▸ **RECORDS FOR PROCESSING**

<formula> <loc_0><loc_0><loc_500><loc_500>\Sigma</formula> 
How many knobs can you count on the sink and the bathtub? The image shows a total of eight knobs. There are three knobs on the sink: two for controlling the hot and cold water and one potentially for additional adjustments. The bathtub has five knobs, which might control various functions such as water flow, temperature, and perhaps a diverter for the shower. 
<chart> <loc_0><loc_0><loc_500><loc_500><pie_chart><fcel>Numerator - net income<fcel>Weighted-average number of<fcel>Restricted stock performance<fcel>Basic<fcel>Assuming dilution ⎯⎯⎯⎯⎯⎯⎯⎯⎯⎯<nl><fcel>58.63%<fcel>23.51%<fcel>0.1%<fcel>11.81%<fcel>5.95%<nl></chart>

==

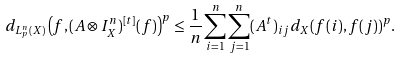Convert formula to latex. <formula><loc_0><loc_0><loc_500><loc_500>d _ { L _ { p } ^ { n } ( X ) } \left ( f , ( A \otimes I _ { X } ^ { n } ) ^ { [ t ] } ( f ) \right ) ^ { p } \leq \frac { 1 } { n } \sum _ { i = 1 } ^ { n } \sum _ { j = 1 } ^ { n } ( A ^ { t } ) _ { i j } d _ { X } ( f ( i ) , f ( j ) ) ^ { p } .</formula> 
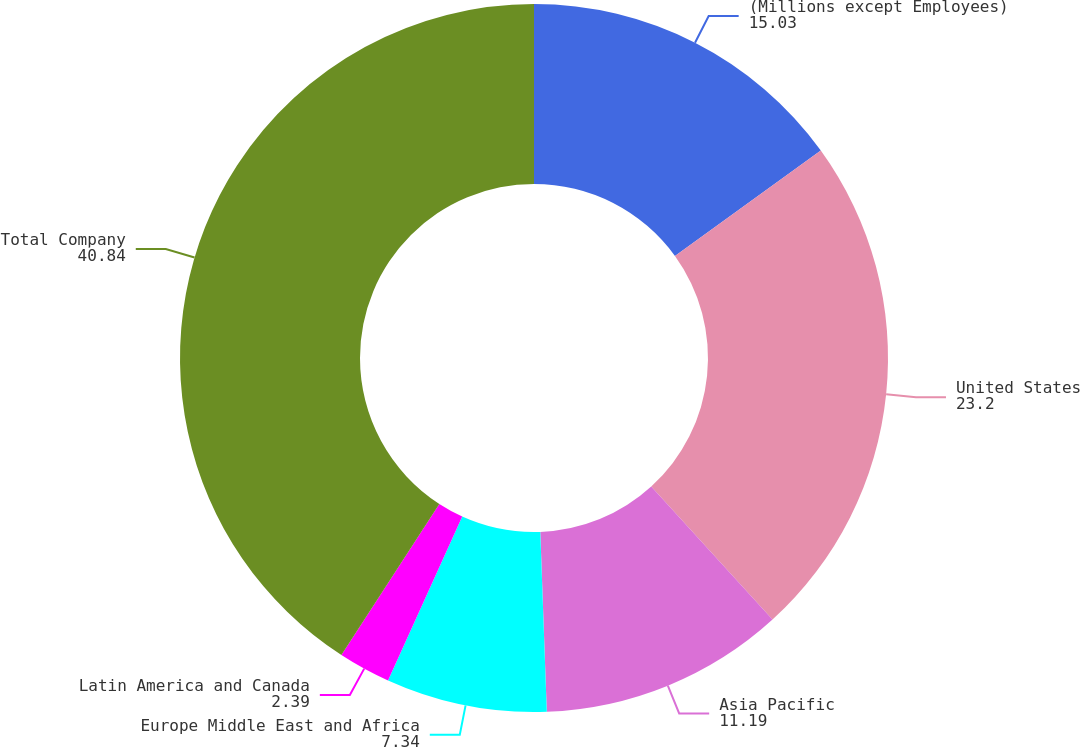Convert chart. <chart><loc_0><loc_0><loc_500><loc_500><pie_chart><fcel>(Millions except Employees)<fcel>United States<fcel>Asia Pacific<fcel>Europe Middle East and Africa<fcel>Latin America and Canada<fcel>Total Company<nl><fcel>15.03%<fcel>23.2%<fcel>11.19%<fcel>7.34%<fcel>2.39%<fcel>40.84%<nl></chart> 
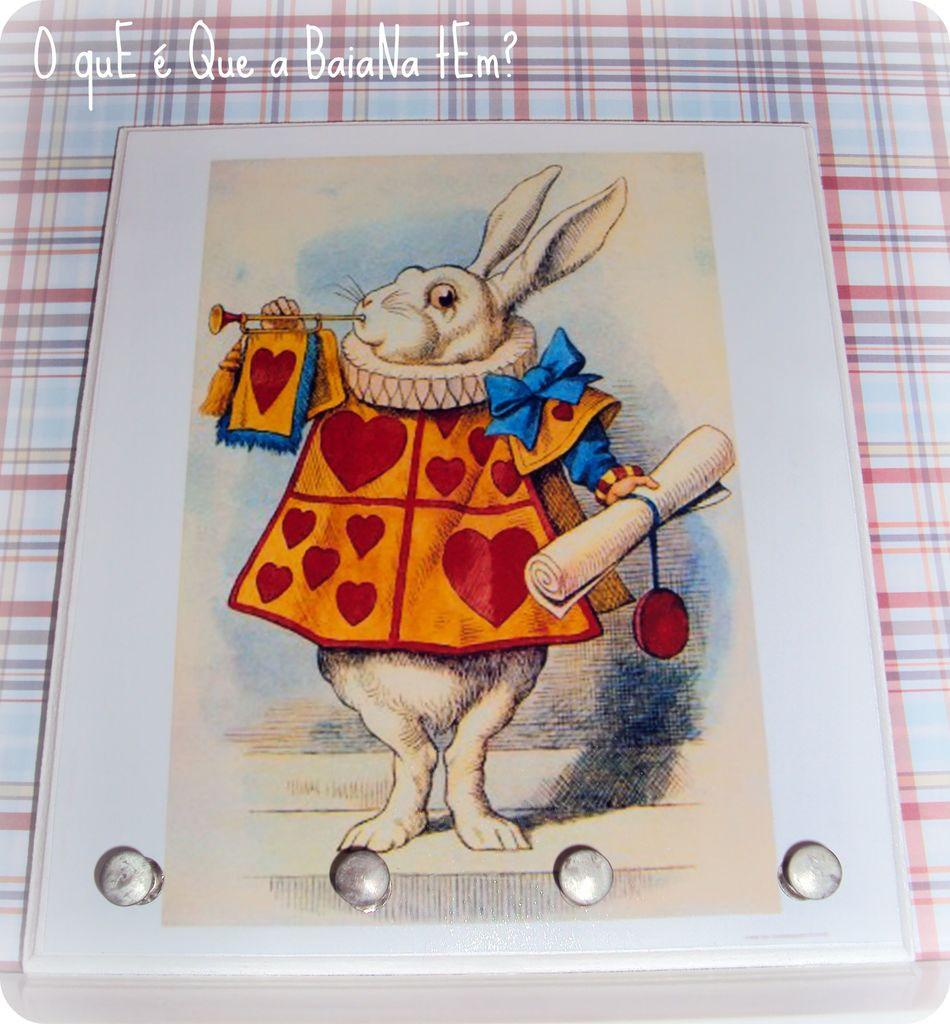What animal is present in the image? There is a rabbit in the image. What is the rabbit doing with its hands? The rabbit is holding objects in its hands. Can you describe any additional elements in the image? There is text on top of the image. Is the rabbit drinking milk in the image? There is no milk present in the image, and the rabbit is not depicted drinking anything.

---

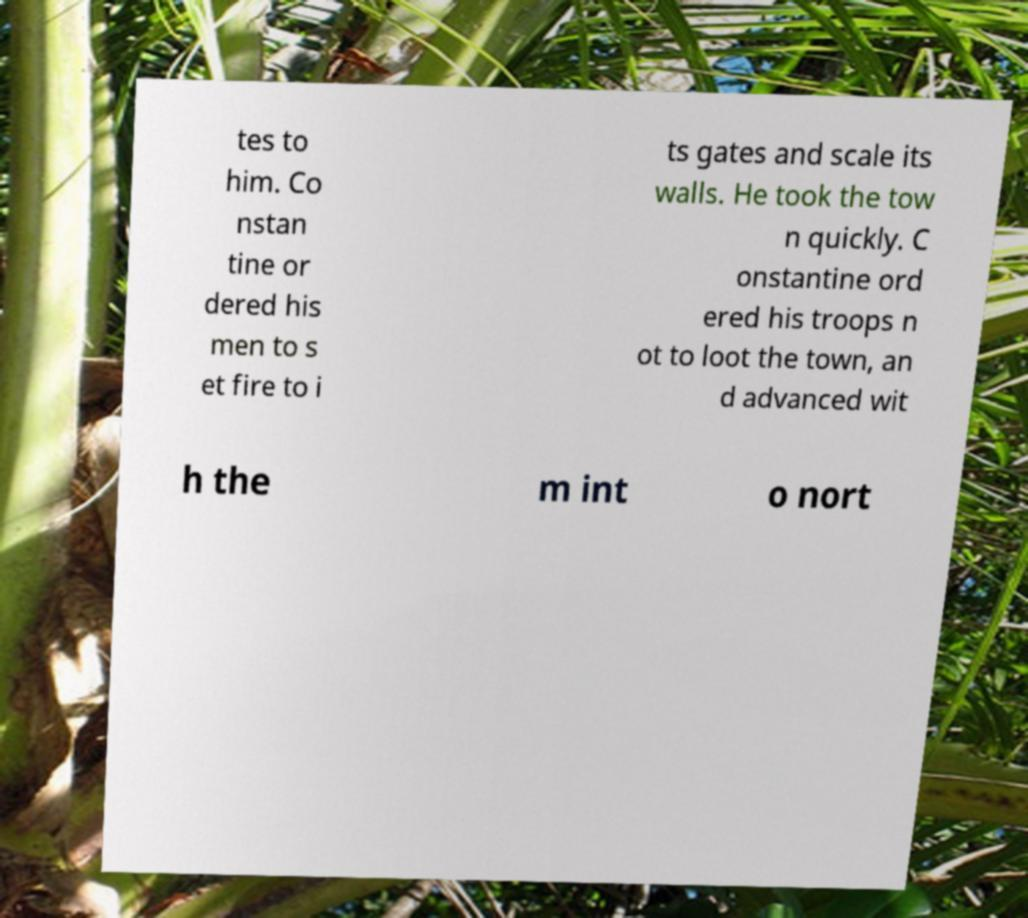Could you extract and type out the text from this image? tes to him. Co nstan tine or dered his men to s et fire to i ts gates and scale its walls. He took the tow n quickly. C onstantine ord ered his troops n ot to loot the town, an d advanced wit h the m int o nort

▸ **ABOUT THIS TASK**
Reproduce, exactly as they stand in the data above, the lines from the one that holds "How many knobs" to the one that holds "<loc_0><loc_0><loc_500><loc_500><pie_chart><fcel>Numerator - net", inclusive.

▸ **TASK ANSWER**
How many knobs can you count on the sink and the bathtub? The image shows a total of eight knobs. There are three knobs on the sink: two for controlling the hot and cold water and one potentially for additional adjustments. The bathtub has five knobs, which might control various functions such as water flow, temperature, and perhaps a diverter for the shower. 
<chart> <loc_0><loc_0><loc_500><loc_500><pie_chart><fcel>Numerator - net income<fcel>Weighted-average number of<fcel>Restricted stock performance<fcel>Basic<fcel>Assuming dilution ⎯⎯⎯⎯⎯⎯⎯⎯⎯⎯<nl><fcel>58.63%<fcel>23.51%<fcel>0.1%<fcel>11.81%<fcel>5.95%<nl></chart>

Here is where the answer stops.